Members of Parliament also gave their opinions on online violence and how they have been in their leadership roles. Hon. Betty Naluyima commented that online violence is happens in the real life and she has been a victim when she was attacked online, by her opponents. “Regardless of the violence, “we will not stop” this is a crucial war and we want them to listen. We can’t give up any time no matter what happens”.
“Gender stereotypes affect women more when it comes to violence and threats online. For example, women receive more negative comments than men when it comes to sharing same information online”. Hon. Okia Joanne.
WHRDS shared testimonies on how they had been attacked online because of their human rights work. “During lockdown, teenage pregnancy cases were very high. It so happened that a young girl was defiled by a 40-year-old man and I shared this on Facebook, instead people abused me and this put me down. I regretted why I had put the story there”. Mwanje Caroline, WHRD from Kagadi.
“As a female journalism during lockdown, I posted stories of defilement and called for dealing with men who can’t control their sexual desires. Because I posted what people didn’t like, I was insulted, and humiliated for not having a man. I thought of leaving Facebook”. Sarah Chekwech, WHRD from Kapchorwa.
“When women with disability post pictures of our work, we are harassed. I campaigned on Facebook about a family that planned to steal land of a widow. I almost relocated because of attacks on my body. People said my body is ugly, unattractive, and that I should hide instead of exposing it on Facebook and in public. I am happy that I supported the woman amidst intimidation”. Peluce Kabagenyi, WHRD from Kasese.

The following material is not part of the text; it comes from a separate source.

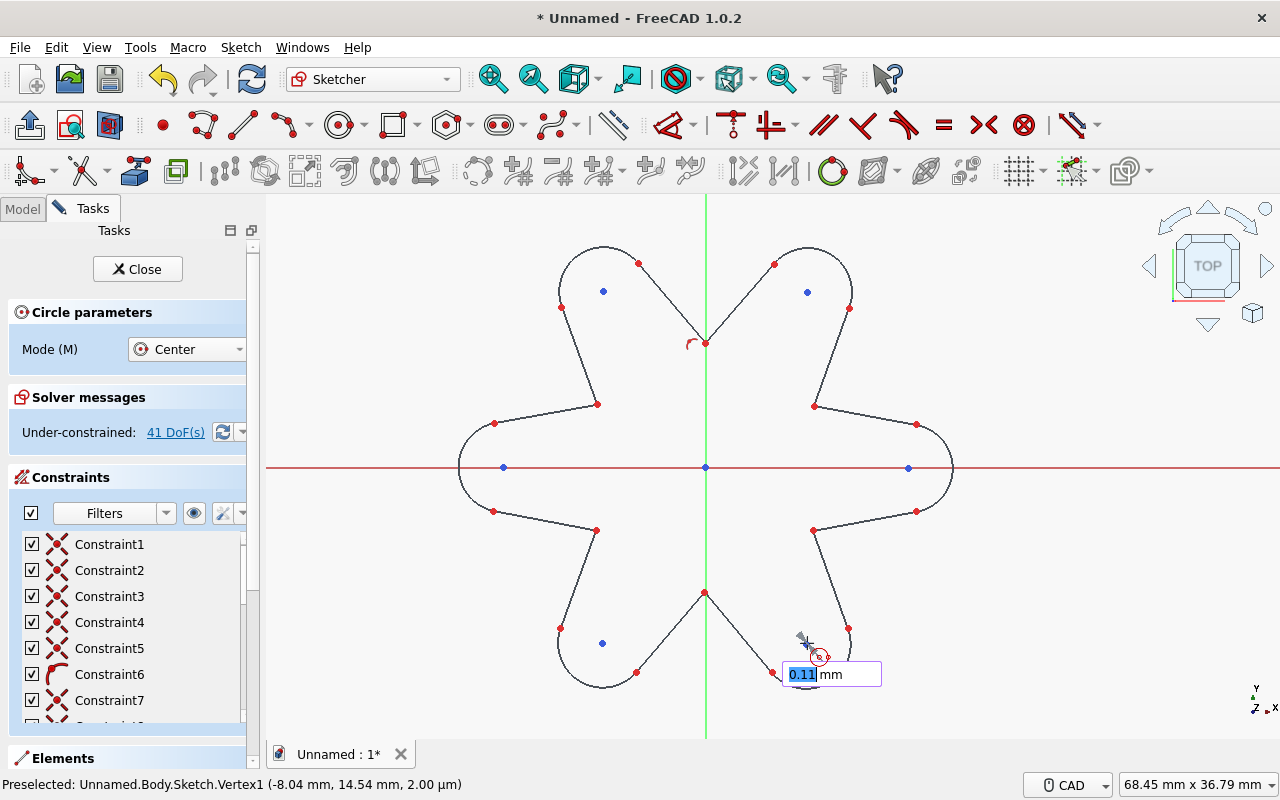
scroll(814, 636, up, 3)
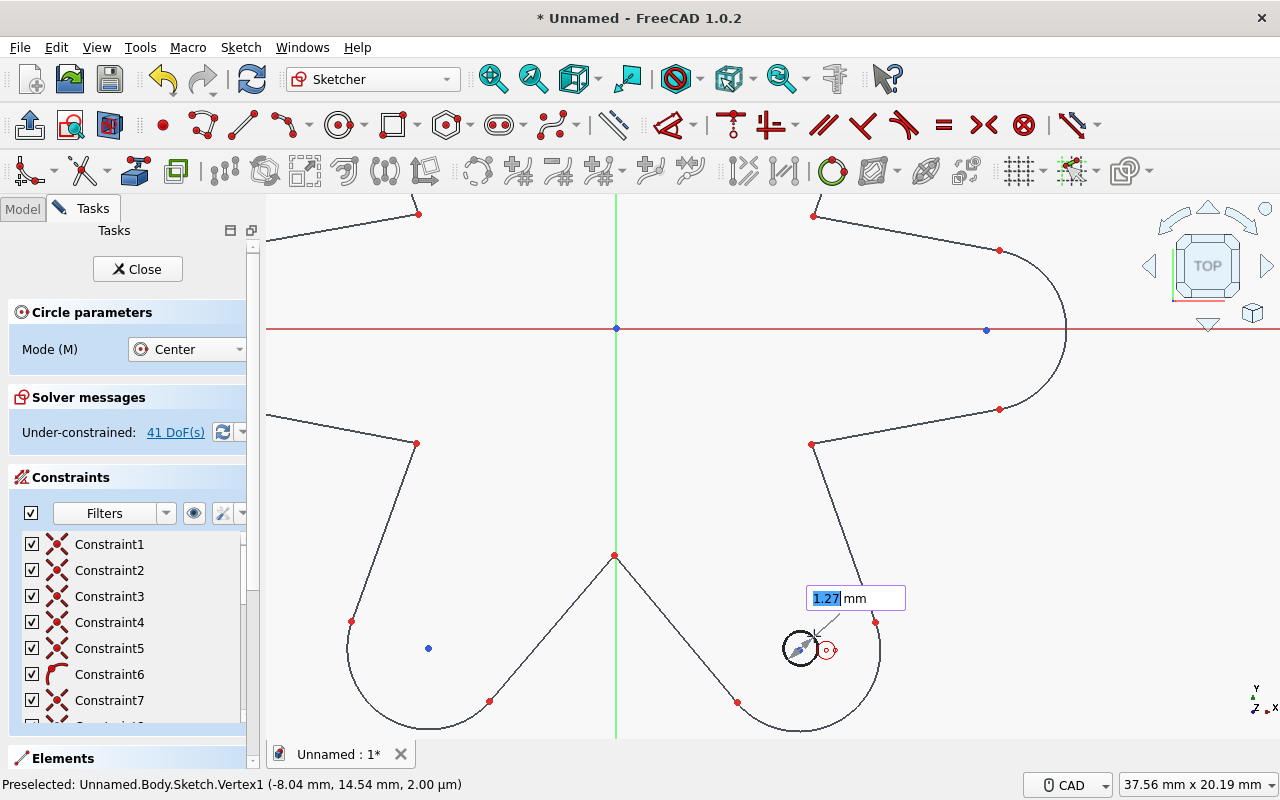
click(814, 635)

“As a female journalist, in 2021 during lockdown, when I posted stories of defilement and called for dealing with men who can’t control their sexual desires and because I posted what people didn’t want, they harassed me, they went below my belt attacking me for not having a man, I sated thinking of leaving Facebook”. Goretti kajumba, WHRD from Kabarole.

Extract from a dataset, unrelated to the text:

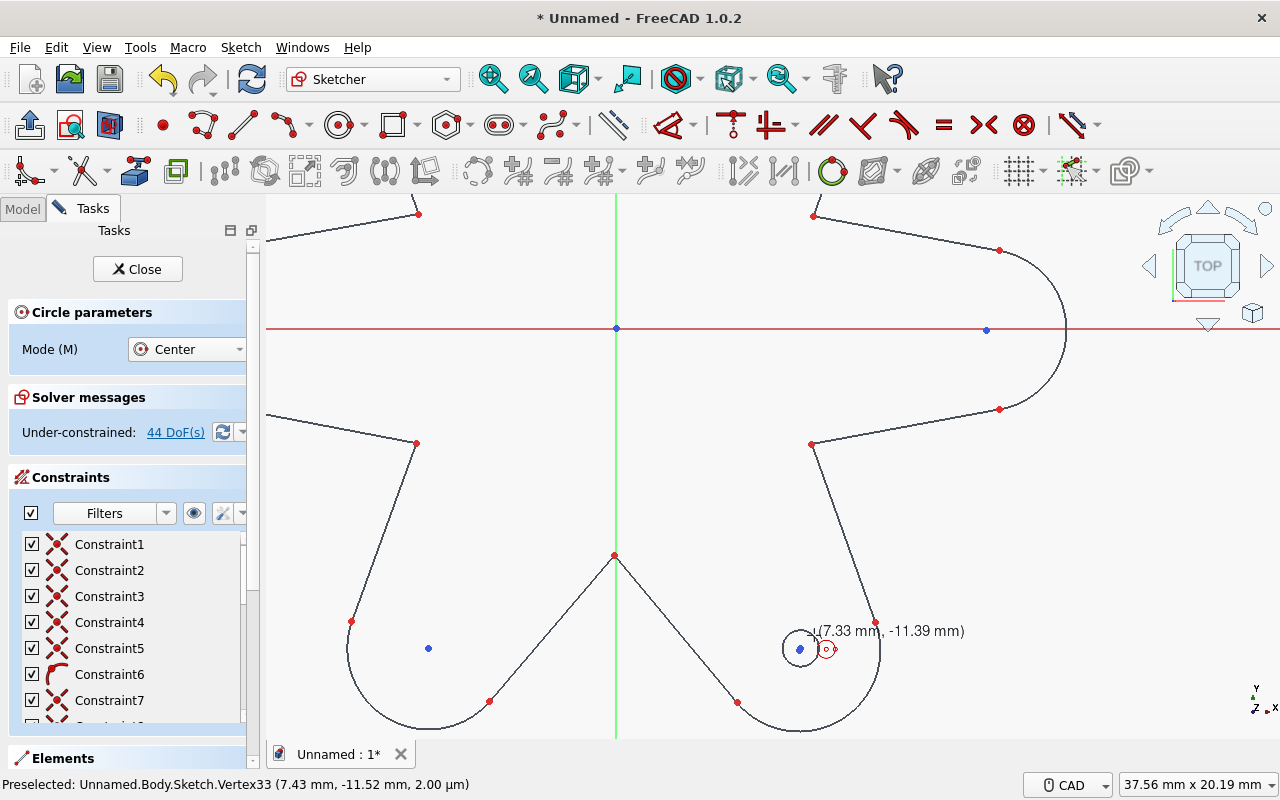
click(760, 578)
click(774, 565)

“My colleague was attacked online for her activism work in the mining in Moroto. They used photo shop to put her head on a naked woman and it went viral. We later found out that our colleague’s bottom parts had a scar and the photo posted had no scar”. Flavia Aballo, WHRD from Kampala.
“I was hosted on a talk show to discuss GBV in Busoga, men attacked me on social media saying that am not supposed to comment on marriage issues because I am not married. They used messages such as ‘The spoilt girl should not mislead you’ to humiliate me”. Kyemba Rosemary, WHRD from Jinja.
In her speech, Hon. Sarah Opendi the Chairperson UWOPA thanked WHRDN-U for being a back a backbone of women huma rights defenders and encouraged the network to continue carrying on human rights work. She testified how she has been a victim of online violence, which is why she is not on Facebook. Someone created an account in her name, and promised people jobs and stole money from them.
Hon Sarah, further shared she was attached on social media for advocating for the rights to safe abortion. We must continue until we reach where women’s rights are respected and also where women and girls are not looked at or perceived as sex objects. She also mentioned that they will be bringing back the marriage bill to parliament and more amendments will be made like from woman MP. We are also bringing forth the Surrogacy bill. Infertility is not a matter for women alone but also a man’s issue.
The Executive a pledged to support WHRDS through working with WHRDN-U to promote safety and security on WHRDS in Uganda and advocating for gender responsive bills in members through signing a commitment form at the breakfast meeting.
Hon. Members of Parliament signing on a commitment board to advocate for gender responsive bills during the breakfast meeting.